WHAT IS REQUIRED — Drop every picture. Return the rest of the entries exactly.

SOURCE MATERIAL —
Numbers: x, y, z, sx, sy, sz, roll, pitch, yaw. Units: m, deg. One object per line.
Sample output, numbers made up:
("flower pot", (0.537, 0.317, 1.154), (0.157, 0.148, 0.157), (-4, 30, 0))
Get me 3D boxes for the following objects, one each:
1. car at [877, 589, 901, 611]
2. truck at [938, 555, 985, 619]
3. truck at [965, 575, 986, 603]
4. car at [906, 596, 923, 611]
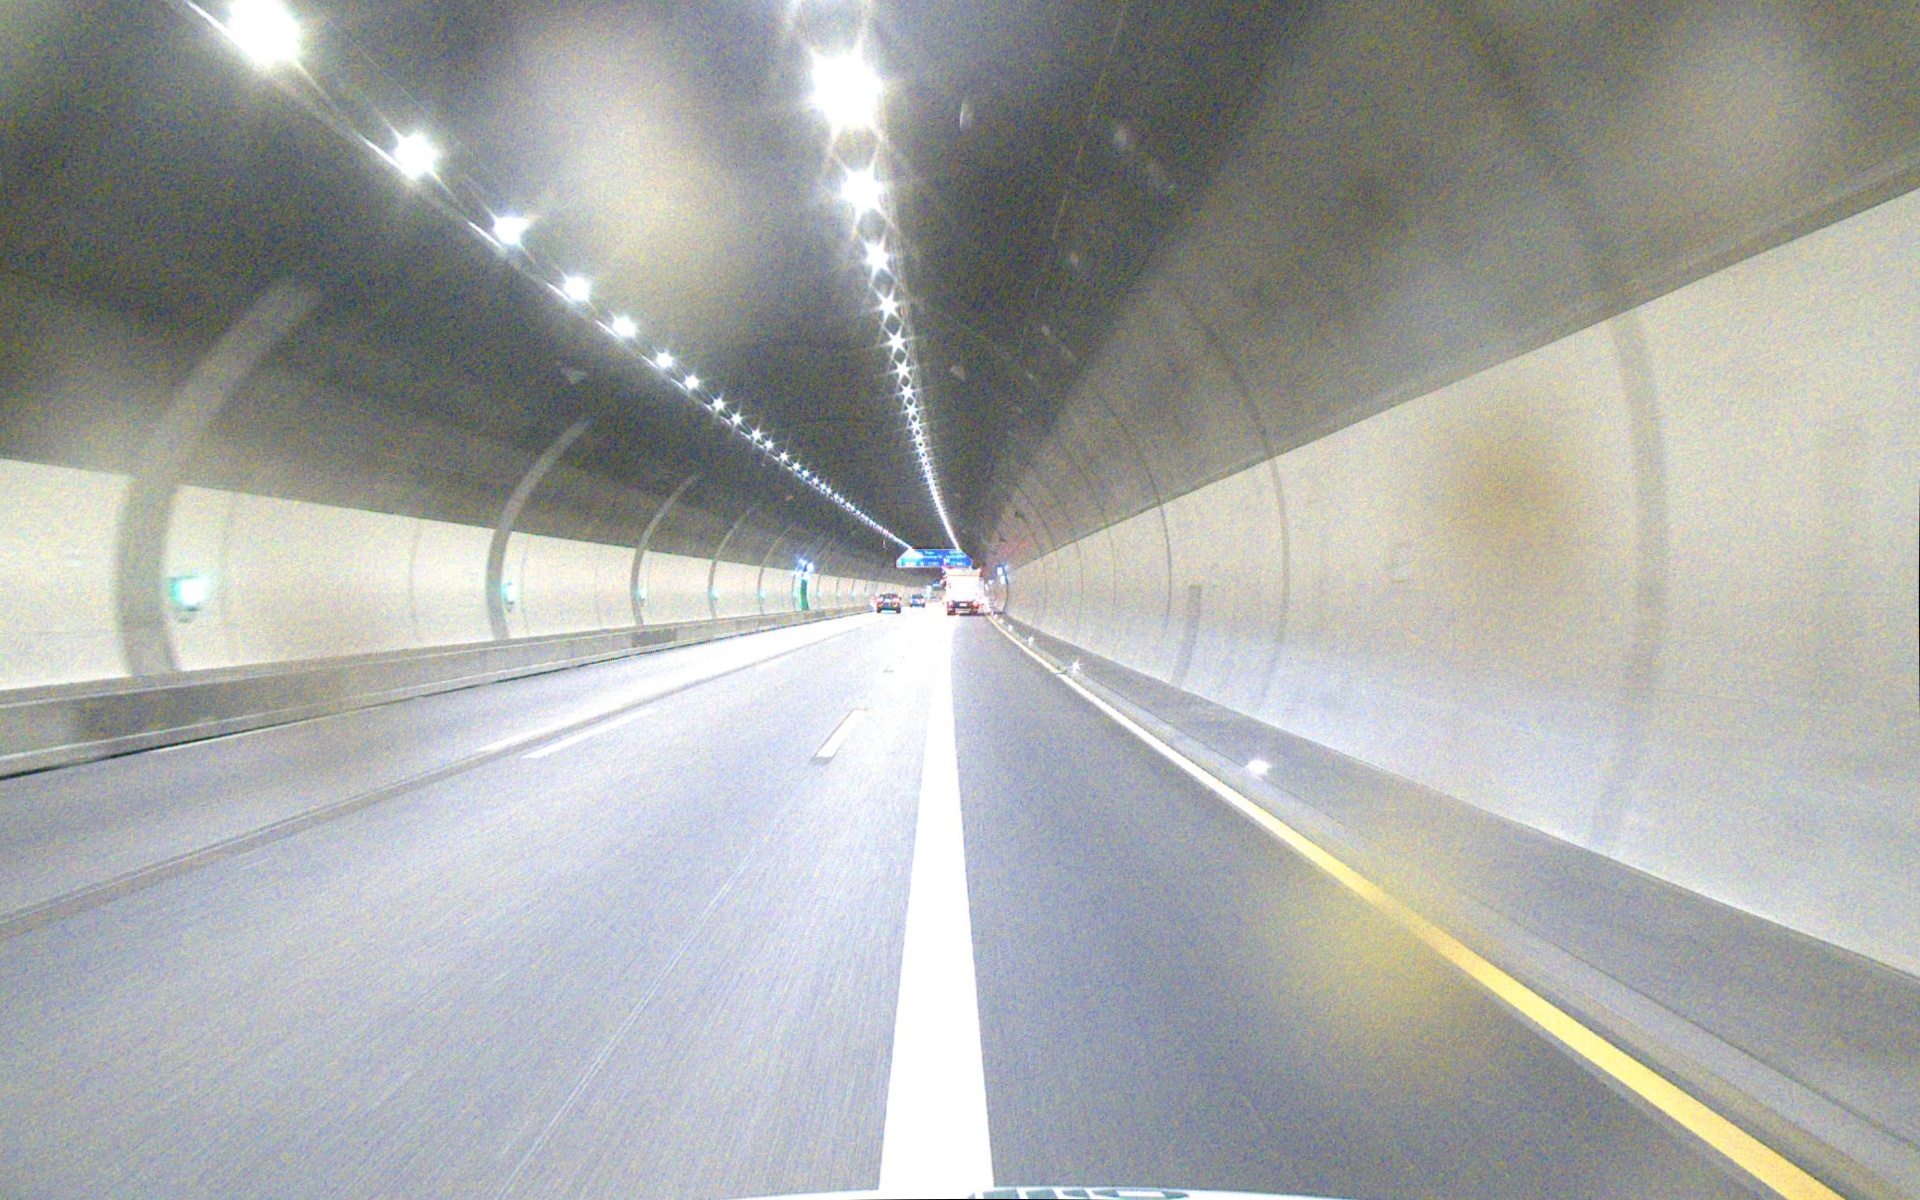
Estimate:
("car", (-5.547, -0.046, 128.829), (1.776, 1.646, 3.999), (1, 0, -2))
("truck", (0.004, -1.001, 131.494), (3.212, 4.731, 17.281), (-1, 0, -1))
("truck", (2.305, -1.674, 249.278), (2.863, 4.118, 14.026), (-1, 0, -1))
("car", (-5.101, 0.361, 183.864), (1.776, 1.546, 3.998), (1, 2, -3))

EXPECTED ANSWER —
Numbers: x, y, z, sx, sy, sz, roll, pitch, yaw. Units: m, deg. One object per line.
Sample output, numbers made up:
("flower pot", (0.537, 0.317, 1.154), (0.157, 0.148, 0.157), (-4, 30, 0))
Get me 3D boxes for the following objects, one each:
1. car at [877, 589, 901, 611]
2. truck at [938, 555, 985, 619]
3. truck at [965, 575, 986, 603]
4. car at [906, 596, 923, 611]
Estimate:
("car", (-5.547, -0.046, 128.829), (1.776, 1.646, 3.999), (1, 0, -2))
("truck", (0.004, -1.001, 131.494), (3.212, 4.731, 17.281), (-1, 0, -1))
("truck", (2.305, -1.674, 249.278), (2.863, 4.118, 14.026), (-1, 0, -1))
("car", (-5.101, 0.361, 183.864), (1.776, 1.546, 3.998), (1, 2, -3))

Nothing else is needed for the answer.